======== Supplied entries
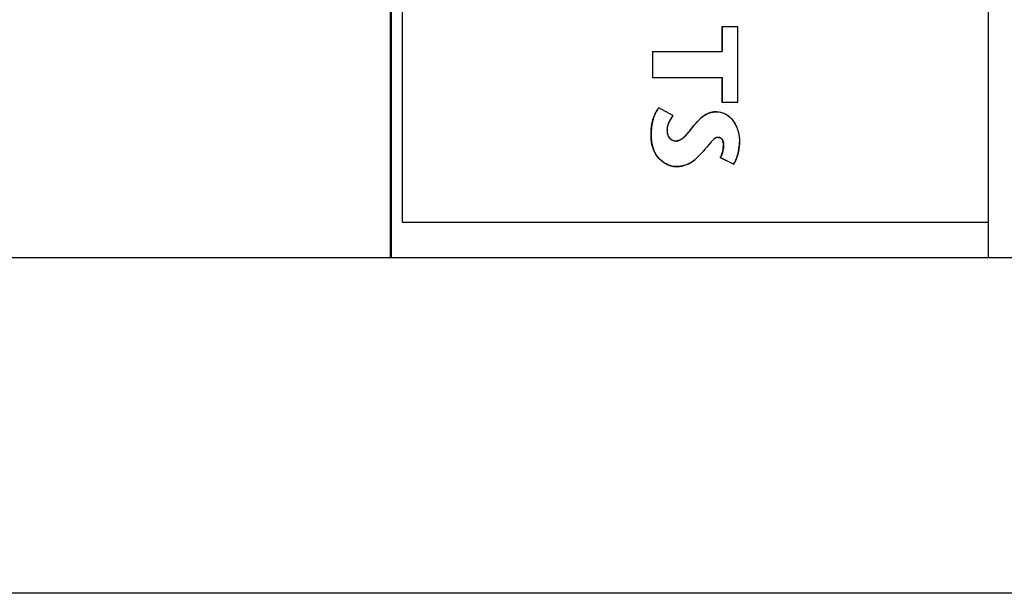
# Model space of a CAD drawing. Header units: inches. Extents: x 0 to 34, y 0 to 22.
# Tile 46 of 53: x 15.61 to 16.196, y 16.999 to 17.341. Entities that reach past the tile are written whole.
import ezdxf

# ---------------------------------------------------------------- set-up
doc = ezdxf.new("R2010")
doc.units = ezdxf.units.IN
doc.header["$LTSCALE"] = 1.87
doc.header["$MEASUREMENT"] = 0
doc.layers.get('0').update_dxf_attribs({"linetype": 'CONTINUOUS'})
doc.layers.add('DIMENSIONS', color=7, linetype='CONTINUOUS')
doc.styles.get("Standard").update_dxf_attribs({"font": 'txt', "width": 0.8})
doc.dimstyles.new('DIMSTYLE_1', dxfattribs={"dimtxt": 0.125, "dimasz": 0.18, "dimexe": 0.125, "dimexo": 0.0625, "dimgap": 0.0625, "dimtad": 0, "dimtih": 1, "dimtoh": 1, "dimdsep": 46, "dimtxsty": 'STANDARD', "dimblk": '_FILLED', "dimblk1": '_FILLED', "dimblk2": '_FILLED', "dimcen": 0.09, "dimadec": 0, "dimazin": 0, "dimtp": 0.001, "dimtm": 0.001, "dimtfac": 1, "dimtofl": 0, "dimtmove": 0, "dimatfit": 3, "dimldrblk": '_FILLED', "dimfxl": 1, "dimtolj": 1, "dimarcsym": 0})

# ---------------------------------------------------------------- blocks, each defined once
blk = doc.blocks.new('_FILLED')
at = {"color": 0, "linetype": 'BYBLOCK'}
blk.add_solid([(0, 0), (-1, 0.1736), (-1, -0.1736)], dxfattribs=at)
blk = doc.blocks.new('*D21')
at = {"layer": 'DIMENSIONS', "color": 2, "linetype": 'CONTINUOUS'}
for p, q in [((16.45505, 18.18752), (13.37643, 18.18752)), ((13.50143, 18.18752), (13.50143, 17.71843)), ((13.50143, 16.99933), (13.50143, 17.46843)), ((16.45505, 16.99933), (13.37643, 16.99933))]:
    blk.add_line(p, q, dxfattribs=at)
at = {"layer": 'DIMENSIONS', "color": 2, "linetype": 'CONTINUOUS', "xscale": 0.18, "yscale": 0.18, "zscale": 0.18}
for p, rotation in [((13.50143, 18.18752), 90), ((13.50143, 16.99933), 270)]:
    blk.add_blockref('_FILLED', p, dxfattribs=dict(at, rotation=rotation))
at = {"layer": 'DIMENSIONS', "color": 2, "linetype": 'CONTINUOUS', "insert": (13.50143, 17.65593), "char_height": 0.125, "width": 1.525, "attachment_point": 2, "line_spacing_factor": 0.9}
blk.add_mtext('(30.18{\\Ftxt.shx;\\W1.000000;\\H0.125000; }[1.188])', dxfattribs=at)

msp = doc.modelspace()

# ---------------------------------------------------------------- linework, layer by layer
at = {"color": 7, "linetype": 'CONTINUOUS'}
for p, q in [((15.83033, 17.98743), (15.83033, 17.19943)), ((15.83098, 17.98743), (15.83098, 17.19943)), ((16.18643, 17.98743), (16.18643, 17.19943)), ((15.83749, 17.96643), (15.83749, 17.22043)), ((16.02791, 17.33684), (16.02791, 17.32212)), ((16.03744, 17.33684), (16.02791, 17.33684)), ((16.02797, 17.33684), (16.02797, 17.32212)), ((16.03744, 17.29202), (16.03744, 17.33684)), ((15.98653, 17.32212), (15.98653, 17.30674)), ((15.98653, 17.32212), (16.02797, 17.32212)), ((15.98659, 17.32212), (15.98659, 17.30674)), ((15.98653, 17.30674), (16.02797, 17.30674)), ((16.02791, 17.30674), (16.02791, 17.29202)), ((16.02797, 17.30674), (16.02797, 17.29202)), ((15.99874, 17.28401), (15.99031, 17.28866)), ((16.02791, 17.29202), (16.03744, 17.29202)), ((16.01104, 17.27781), (16.0111, 17.27781)), ((15.98566, 17.27263), (15.98572, 17.27263)), ((16.02878, 17.26651), (16.02885, 17.26651)), ((16.02689, 17.25901), (16.03488, 17.25506)), ((16.02689, 17.25901), (16.02696, 17.25901)), ((16.02696, 17.25901), (16.0349, 17.25509)), ((15.83749, 17.22043), (16.18643, 17.22043)), ((15.00143, 17.19943), (16.39755, 17.19943))]:
    msp.add_line(p, q, dxfattribs=at)
at = {"color": 40, "linetype": 'CONTINUOUS'}
for p, q in [((15.99702, 17.28147), (15.99701, 17.28145)), ((15.9978, 17.28271), (15.99778, 17.28268)), ((15.99874, 17.28401), (15.9978, 17.28271)), ((15.99559, 17.2781), (15.99559, 17.27808)), ((15.99594, 17.27917), (15.99593, 17.27915)), ((15.99641, 17.28029), (15.9964, 17.28027)), ((16.03804, 17.26461), (16.03804, 17.26455)), ((16.03825, 17.26662), (16.03825, 17.26655)), ((16.01168, 17.25766), (16.01166, 17.25765)), ((16.01299, 17.25881), (16.01168, 17.25766)), ((16.01301, 17.25883), (16.01299, 17.25881)), ((16.01441, 17.26019), (16.01301, 17.25883)), ((16.01443, 17.26022), (16.01441, 17.26019)), ((16.01591, 17.26177), (16.01443, 17.26022)), ((16.03675, 17.25902), (16.03674, 17.25897)), ((16.03727, 17.26069), (16.03725, 17.26064)), ((16.0377, 17.26256), (16.0377, 17.26255)), ((16.00203, 17.25366), (16.002, 17.25366)), ((16.00335, 17.25382), (16.00332, 17.25381)), ((16.0046, 17.25406), (16.00459, 17.25405)), ((16.03557, 17.25626), (16.03555, 17.25622))]:
    msp.add_line(p, q, dxfattribs=at)
for centre, radius, start, end in [((16.01138, 17.27325), 0.01654, 150.30093, 154.81896), ((16.013, 17.27232), 0.01841, 145.77133, 150.20049), ((16.02463, 17.27536), 0.0109, 89.6569, 89.99991), ((16.0048, 17.27525), 0.00961, 174.77795, 179.96485), ((16.00581, 17.27524), 0.01062, 179.93515, 184.92292), ((16.00523, 17.27521), 0.01005, 174.61194, 174.81364), ((16.00574, 17.27516), 0.01057, 169.46919, 174.56988), ((16.0069, 17.27494), 0.01174, 164.47727, 169.4644), ((16.00829, 17.27456), 0.01318, 159.58244, 164.41808), ((16.00982, 17.27398), 0.01482, 154.91089, 159.53377), ((16.02565, 17.26803), 0.003, 90.00425, 96.96635), ((16.02565, 17.26891), 0.00212, 88.23526, 89.99723), ((16.0005, 17.27324), 0.0044, 263.53144, 269.95236), ((16.00049, 17.27336), 0.00452, 270.00025, 270.82992), ((16.00463, 17.26914), 0.03372, 348.74774, 352.17455), ((16.00818, 17.26868), 0.03014, 352.24756, 355.96074), ((16.01178, 17.26842), 0.02653, 356.10704, 359.96762), ((15.99737, 17.27499), 0.02247, 305.60691, 309.48569), ((16.01848, 17.26517), 0.01927, 332.4727, 336.57663), ((16.0175, 17.26561), 0.02035, 336.54185, 336.70405), ((16.01631, 17.2661), 0.02163, 336.74452, 340.76233), ((16.01338, 17.26712), 0.02473, 340.88219, 344.83045), ((16.00943, 17.26818), 0.02882, 344.93884, 348.73429), ((16.00063, 17.27129), 0.01768, 270.00002, 270.21149), ((16.00063, 17.27141), 0.0178, 270.21522, 274.40566), ((16.00064, 17.27138), 0.01777, 274.49593, 278.69055), ((16.00069, 17.27103), 0.01741, 278.76766, 282.92894), ((16.00083, 17.27044), 0.01682, 282.96681, 287.13119), ((16.00093, 17.27008), 0.01644, 287.14586, 287.34166), ((16.00106, 17.26969), 0.01603, 287.32451, 291.54396), ((16.00122, 17.26928), 0.01559, 291.56204, 291.84781), ((16.00144, 17.26876), 0.01502, 291.81136, 296.29628), ((16.00144, 17.26874), 0.01501, 296.29859, 296.59009), ((16.00102, 17.26956), 0.01593, 296.63298, 301.03734), ((16.00047, 17.2705), 0.01701, 300.99319, 301.19501), ((15.99972, 17.2717), 0.01843, 301.2504, 305.40463), ((15.99875, 17.27311), 0.02014, 305.34889, 305.53551), ((16.02008, 17.26433), 0.01747, 327.95526, 332.3349)]:
    msp.add_arc(centre, radius, start, end, dxfattribs=at)
at = {"color": 7, "linetype": 'CONTINUOUS'}
for points, knots in [([(15.98566, 17.27263), (15.98566, 17.27333), (15.98568, 17.27439), (15.98578, 17.27579), (15.98589, 17.27684), (15.98603, 17.2779), (15.98626, 17.2793), (15.98664, 17.28105), (15.98727, 17.28311), (15.98807, 17.28509), (15.9889, 17.28665), (15.98967, 17.28783), (15.99009, 17.28839), (15.99031, 17.28866)], [0, 0, 0, 0, 0.123665, 0.185588, 0.247782, 0.310393, 0.373364, 0.499795, 0.626109, 0.751642, 0.876152, 0.938122, 1, 1, 1, 1]), ([(15.99035, 17.28863), (15.99013, 17.28836), (15.98971, 17.2878), (15.98895, 17.28662), (15.98812, 17.28506), (15.98732, 17.28308), (15.9867, 17.28103), (15.98632, 17.27929), (15.98609, 17.27788), (15.98595, 17.27683), (15.98585, 17.27578), (15.98575, 17.27438), (15.98572, 17.27333), (15.98572, 17.27263)], [0, 0, 0, 0, 0.061878, 0.123851, 0.248373, 0.373916, 0.500232, 0.626657, 0.689623, 0.752228, 0.814418, 0.876338, 1, 1, 1, 1]), ([(15.99874, 17.28401), (15.9985, 17.28369), (15.99815, 17.28321), (15.9977, 17.28256), (15.99737, 17.28206), (15.99706, 17.28154), (15.99667, 17.28083), (15.99623, 17.27992), (15.99579, 17.27879), (15.99545, 17.27763), (15.99523, 17.27645), (15.99518, 17.27565), (15.99518, 17.27525)], [0, 0, 0, 0, 0.123516, 0.185407, 0.247646, 0.310319, 0.373306, 0.499694, 0.625964, 0.751522, 0.876129, 1, 1, 1, 1]), ([(16.01104, 17.27781), (16.01126, 17.27807), (16.01171, 17.2786), (16.01239, 17.27939), (16.01306, 17.28018), (16.01375, 17.28095), (16.01447, 17.28171), (16.0152, 17.28243), (16.01585, 17.283), (16.01639, 17.28343), (16.0168, 17.28374), (16.01723, 17.28403), (16.01767, 17.28431), (16.01812, 17.28457), (16.01874, 17.28489), (16.01953, 17.28525), (16.02052, 17.28561), (16.02153, 17.2859), (16.0229, 17.28617), (16.02394, 17.28626), (16.02463, 17.28626)], [0, 0, 0, 0, 0.062199, 0.124637, 0.18716, 0.249628, 0.311937, 0.374045, 0.435997, 0.466965, 0.497965, 0.529039, 0.560229, 0.591532, 0.622933, 0.68594, 0.749107, 0.812265, 0.875247, 1, 1, 1, 1]), ([(16.02463, 17.28626), (16.02394, 17.28626), (16.02291, 17.28616), (16.02155, 17.28588), (16.02054, 17.2856), (16.01956, 17.28523), (16.01876, 17.28487), (16.01815, 17.28455), (16.0177, 17.28429), (16.01726, 17.28401), (16.01684, 17.28372), (16.01643, 17.28341), (16.01589, 17.28298), (16.01525, 17.28241), (16.01452, 17.28169), (16.01381, 17.28094), (16.01312, 17.28017), (16.01245, 17.27938), (16.01178, 17.27859), (16.01133, 17.27807), (16.0111, 17.27781)], [0, 0, 0, 0, 0.124803, 0.187797, 0.250957, 0.314118, 0.377113, 0.408505, 0.4398, 0.47098, 0.502047, 0.533043, 0.564009, 0.625961, 0.688071, 0.750381, 0.812848, 0.875369, 0.937804, 1, 1, 1, 1]), ([(16.02463, 17.28626), (16.02515, 17.28626), (16.02618, 17.28619), (16.02746, 17.28592), (16.02845, 17.28561), (16.02918, 17.28533), (16.02977, 17.28506), (16.03022, 17.28482), (16.03067, 17.28456), (16.03122, 17.28421), (16.03205, 17.2836), (16.03302, 17.28274), (16.03389, 17.28178), (16.03452, 17.28096), (16.03512, 17.2801), (16.03579, 17.27899), (16.03648, 17.27758), (16.03706, 17.27612), (16.03752, 17.27461), (16.03788, 17.27307), (16.03813, 17.27152), (16.03828, 17.26996), (16.03831, 17.26892), (16.03831, 17.26841)], [0, 0, 0, 0, 0.061892, 0.124225, 0.155473, 0.186706, 0.217881, 0.233438, 0.24897, 0.279985, 0.310986, 0.373056, 0.435334, 0.466536, 0.497748, 0.560241, 0.62294, 0.685868, 0.748971, 0.812127, 0.875165, 0.93787, 1, 1, 1, 1]), ([(15.99518, 17.27525), (15.99518, 17.27506), (15.99519, 17.27468), (15.99524, 17.2741), (15.99532, 17.27353), (15.99544, 17.27296), (15.99561, 17.2724), (15.99583, 17.27186), (15.99605, 17.27144), (15.99626, 17.27111), (15.99649, 17.2708), (15.99681, 17.27043), (15.99725, 17.27004), (15.99773, 17.26969), (15.99825, 17.26939), (15.99879, 17.26916), (15.99935, 17.26898), (15.99992, 17.26887), (16.0003, 17.26884), (16.00049, 17.26884)], [0, 0, 0, 0, 0.061502, 0.123691, 0.186162, 0.248605, 0.310827, 0.372781, 0.434601, 0.465573, 0.496658, 0.559328, 0.622622, 0.686305, 0.750071, 0.813589, 0.876552, 0.938725, 1, 1, 1, 1]), ([(16.00049, 17.26884), (16.00064, 17.26884), (16.00093, 17.26886), (16.00136, 17.26892), (16.00178, 17.26902), (16.00234, 17.2692), (16.00302, 17.2695), (16.0038, 17.26997), (16.00454, 17.27051), (16.00525, 17.27111), (16.00592, 17.27175), (16.00655, 17.2724), (16.00716, 17.27307), (16.00773, 17.27374), (16.00829, 17.27442), (16.00902, 17.27533), (16.00973, 17.27624), (16.01047, 17.27714), (16.01085, 17.27759), (16.01104, 17.27781)], [0, 0, 0, 0, 0.030674, 0.061155, 0.091647, 0.122303, 0.184452, 0.247996, 0.312743, 0.378112, 0.443254, 0.507316, 0.570297, 0.632464, 0.694051, 0.755261, 0.877284, 0.938458, 1, 1, 1, 1]), ([(16.0111, 17.27781), (16.01091, 17.27759), (16.01053, 17.27714), (16.0098, 17.27624), (16.00908, 17.27533), (16.00836, 17.27442), (16.0078, 17.27374), (16.00722, 17.27307), (16.00662, 17.2724), (16.00598, 17.27175), (16.00531, 17.27111), (16.00461, 17.27051), (16.00387, 17.26997), (16.00309, 17.2695), (16.00241, 17.2692), (16.00185, 17.26902), (16.00142, 17.26892), (16.00099, 17.26886), (16.0007, 17.26884), (16.00056, 17.26884)], [0, 0, 0, 0, 0.061542, 0.122716, 0.244739, 0.305949, 0.367536, 0.429703, 0.492684, 0.556746, 0.621888, 0.687257, 0.752004, 0.815548, 0.877697, 0.908353, 0.938845, 0.969326, 1, 1, 1, 1]), ([(16.00063, 17.25361), (16.00036, 17.25361), (15.9998, 17.25363), (15.99869, 17.25375), (15.99731, 17.25406), (15.99571, 17.25463), (15.99417, 17.25539), (15.99273, 17.25631), (15.9914, 17.25739), (15.99021, 17.25859), (15.98916, 17.25991), (15.98841, 17.26109), (15.98788, 17.26207), (15.98752, 17.26282), (15.9872, 17.26359), (15.98681, 17.26464), (15.98641, 17.26598), (15.98606, 17.26762), (15.98582, 17.26929), (15.98568, 17.27096), (15.98566, 17.27208), (15.98566, 17.27263)], [0, 0, 0, 0, 0.030873, 0.061878, 0.124347, 0.187466, 0.25103, 0.314686, 0.378002, 0.440674, 0.502911, 0.564942, 0.595936, 0.626923, 0.657909, 0.688906, 0.750995, 0.81326, 0.875639, 0.937967, 1, 1, 1, 1]), ([(15.98572, 17.27263), (15.98572, 17.27208), (15.98575, 17.27096), (15.98588, 17.26929), (15.98612, 17.26763), (15.98647, 17.266), (15.98687, 17.26466), (15.98725, 17.26362), (15.98758, 17.26285), (15.98794, 17.2621), (15.98846, 17.26112), (15.98921, 17.25994), (15.99025, 17.25862), (15.99143, 17.25742), (15.99275, 17.25634), (15.99419, 17.25541), (15.99572, 17.25465), (15.99732, 17.25407), (15.99869, 17.25376), (15.9998, 17.25363), (16.00036, 17.25361), (16.00063, 17.25361)], [0, 0, 0, 0, 0.06203, 0.124356, 0.186732, 0.248997, 0.311085, 0.342082, 0.373067, 0.404053, 0.435045, 0.497072, 0.5593, 0.621957, 0.685255, 0.748906, 0.812477, 0.875613, 0.938104, 0.969119, 1, 1, 1, 1]), ([(16.02565, 17.27103), (16.02551, 17.27103), (16.02524, 17.27101), (16.02483, 17.27093), (16.02444, 17.27079), (16.02406, 17.27061), (16.02369, 17.2704), (16.02334, 17.27015), (16.02299, 17.26987), (16.02266, 17.26956), (16.02233, 17.26925), (16.02202, 17.26891), (16.02171, 17.26857), (16.02131, 17.26812), (16.02082, 17.26756), (16.02007, 17.26667), (16.01917, 17.26558), (16.0181, 17.26429), (16.01703, 17.26301), (16.01629, 17.26218), (16.01591, 17.26177)], [0, 0, 0, 0, 0.030424, 0.06041, 0.090437, 0.120839, 0.151818, 0.183457, 0.215744, 0.248592, 0.281858, 0.315356, 0.348869, 0.382161, 0.447521, 0.511382, 0.635674, 0.757141, 0.877867, 1, 1, 1, 1]), ([(16.02878, 17.26651), (16.02878, 17.26676), (16.02877, 17.26714), (16.02872, 17.26765), (16.02864, 17.26816), (16.02851, 17.26865), (16.02833, 17.26912), (16.02815, 17.26946), (16.02798, 17.26973), (16.02782, 17.26993), (16.02764, 17.27012), (16.02741, 17.27034), (16.02709, 17.27058), (16.02675, 17.27077), (16.0264, 17.27092), (16.02603, 17.27101), (16.02578, 17.27103), (16.02565, 17.27103)], [0, 0, 0, 0, 0.123948, 0.186688, 0.249467, 0.374218, 0.436171, 0.498012, 0.560128, 0.591482, 0.623093, 0.686807, 0.750717, 0.814276, 0.877071, 0.938923, 1, 1, 1, 1]), ([(16.02572, 17.27103), (16.02584, 17.27103), (16.02609, 17.27101), (16.02646, 17.27092), (16.02682, 17.27077), (16.02716, 17.27058), (16.02747, 17.27034), (16.02771, 17.27012), (16.02788, 17.26993), (16.02804, 17.26973), (16.02822, 17.26946), (16.02839, 17.26912), (16.02858, 17.26865), (16.02871, 17.26816), (16.02878, 17.26765), (16.02884, 17.26714), (16.02885, 17.26676), (16.02885, 17.26651)], [0, 0, 0, 0, 0.061077, 0.122929, 0.185724, 0.249283, 0.313193, 0.376907, 0.408518, 0.439872, 0.501988, 0.563829, 0.625782, 0.750533, 0.813312, 0.876052, 1, 1, 1, 1]), ([(16.02689, 17.25901), (16.02706, 17.25929), (16.02737, 17.25986), (16.02776, 17.26075), (16.02809, 17.26167), (16.02835, 17.26262), (16.02855, 17.26358), (16.02873, 17.26488), (16.02878, 17.26586), (16.02878, 17.26651)], [0, 0, 0, 0, 0.124377, 0.248973, 0.373843, 0.499024, 0.624454, 0.749963, 1, 1, 1, 1]), ([(16.02885, 17.26651), (16.02885, 17.26586), (16.0288, 17.26488), (16.02861, 17.26358), (16.02842, 17.26262), (16.02816, 17.26167), (16.02783, 17.26075), (16.02744, 17.25986), (16.02712, 17.25929), (16.02696, 17.25901)], [0, 0, 0, 0, 0.250037, 0.375546, 0.500976, 0.626157, 0.751027, 0.875623, 1, 1, 1, 1]), ([(16.03831, 17.26841), (16.03831, 17.26783), (16.03828, 17.26696), (16.03819, 17.26581), (16.03809, 17.26495), (16.03799, 17.26423), (16.0379, 17.26365), (16.0378, 17.26308), (16.03767, 17.26236), (16.03748, 17.26151), (16.03726, 17.26066), (16.03694, 17.25954), (16.03646, 17.25816), (16.03576, 17.25657), (16.03519, 17.25555), (16.03488, 17.25506)], [0, 0, 0, 0, 0.124305, 0.186501, 0.248809, 0.311285, 0.3426, 0.373967, 0.436807, 0.499722, 0.562639, 0.625497, 0.750849, 0.875632, 1, 1, 1, 1]), ([(16.01591, 17.26177), (16.0154, 17.26122), (16.01463, 17.26041), (16.01357, 17.25935), (16.01275, 17.25858), (16.0119, 17.25784), (16.01103, 17.25714), (16.01013, 17.25648), (16.00935, 17.25598), (16.00871, 17.25561), (16.00821, 17.25535), (16.00771, 17.25511), (16.00703, 17.25481), (16.00615, 17.25448), (16.00508, 17.25416), (16.00398, 17.25391), (16.00287, 17.25374), (16.00175, 17.25363), (16.00101, 17.25361), (16.00063, 17.25361)], [0, 0, 0, 0, 0.125029, 0.187861, 0.25068, 0.313364, 0.375837, 0.438084, 0.500162, 0.531182, 0.56222, 0.593309, 0.624465, 0.686953, 0.749635, 0.812415, 0.875168, 0.937749, 1, 1, 1, 1])]:
    msp.add_open_spline(points, degree=3, knots=knots, dxfattribs=at)
at = {"color": 40, "linetype": 'CONTINUOUS'}
for points, knots in [([(16.01104, 17.27781), (16.01296, 17.28001), (16.01638, 17.28454), (16.02206, 17.28626), (16.02463, 17.28626)], [0, 0, 0, 0, 0.531586, 1, 1, 1, 1]), ([(16.0247, 17.28626), (16.0266, 17.28625), (16.0305, 17.28523), (16.03662, 17.27944), (16.03831, 17.27277), (16.03831, 17.26841)], [0, 0, 0, 0, 0.231651, 0.46792, 1, 1, 1, 1]), ([(16.00056, 17.26884), (16.00261, 17.26887), (16.0068, 17.2721), (16.00932, 17.27584), (16.01104, 17.27781)], [0, 0, 0, 0, 0.441057, 1, 1, 1, 1]), ([(16.00063, 17.25361), (15.99733, 17.25361), (15.99156, 17.2562), (15.98645, 17.26371), (15.98566, 17.26944), (15.98566, 17.27263)], [0, 0, 0, 0, 0.373087, 0.640353, 1, 1, 1, 1]), ([(15.99522, 17.27433), (15.99533, 17.27311), (15.99605, 17.27049), (15.99863, 17.26902), (16, 17.26887)], [0, 0, 0, 0, 0.469444, 1, 1, 1, 1]), ([(16.02529, 17.27101), (16.02377, 17.27083), (16.02029, 17.26714), (16.01783, 17.26386), (16.01591, 17.26177)], [0, 0, 0, 0, 0.354505, 1, 1, 1, 1]), ([(16.02878, 17.26651), (16.02878, 17.26768), (16.02849, 17.26984), (16.02652, 17.27101), (16.02572, 17.27103)], [0, 0, 0, 0, 0.592627, 1, 1, 1, 1]), ([(16.02689, 17.25901), (16.02721, 17.25953), (16.02836, 17.26186), (16.02878, 17.26452), (16.02878, 17.26651)], [0, 0, 0, 0, 0.234259, 1, 1, 1, 1])]:
    msp.add_open_spline(points, degree=3, knots=knots, dxfattribs=at)

# ---------------------------------------------------------------- dimensions: what is measured, and where the dimension line sits
at = {"layer": 'DIMENSIONS', "color": 2, "linetype": 'CONTINUOUS'}
dim = msp.add_linear_dim(base=(13.50143, 16.99933), p1=(16.51755, 18.18752), p2=(16.51755, 16.99933), angle=270, text='(<>)', dimstyle='DIMSTYLE_1', dxfattribs=at)
dim.commit()
dim.dimension.update_dxf_attribs({"geometry": '*D21', "text_midpoint": (13.50143, 17.59343), "dimtype": 160})

doc.saveas('drawing.dxf')
================
Only the lines from the one containing "text='(<>)', dimstyle='DIMSTYLE_1', dxfattribs=at)" through the last line of the material belong in your answer; output them exactly.

dim = msp.add_linear_dim(base=(13.50143, 16.99933), p1=(16.51755, 18.18752), p2=(16.51755, 16.99933), angle=270, text='(<>)', dimstyle='DIMSTYLE_1', dxfattribs=at)
dim.commit()
dim.dimension.update_dxf_attribs({"geometry": '*D21', "text_midpoint": (13.50143, 17.59343), "dimtype": 160})

doc.saveas('drawing.dxf')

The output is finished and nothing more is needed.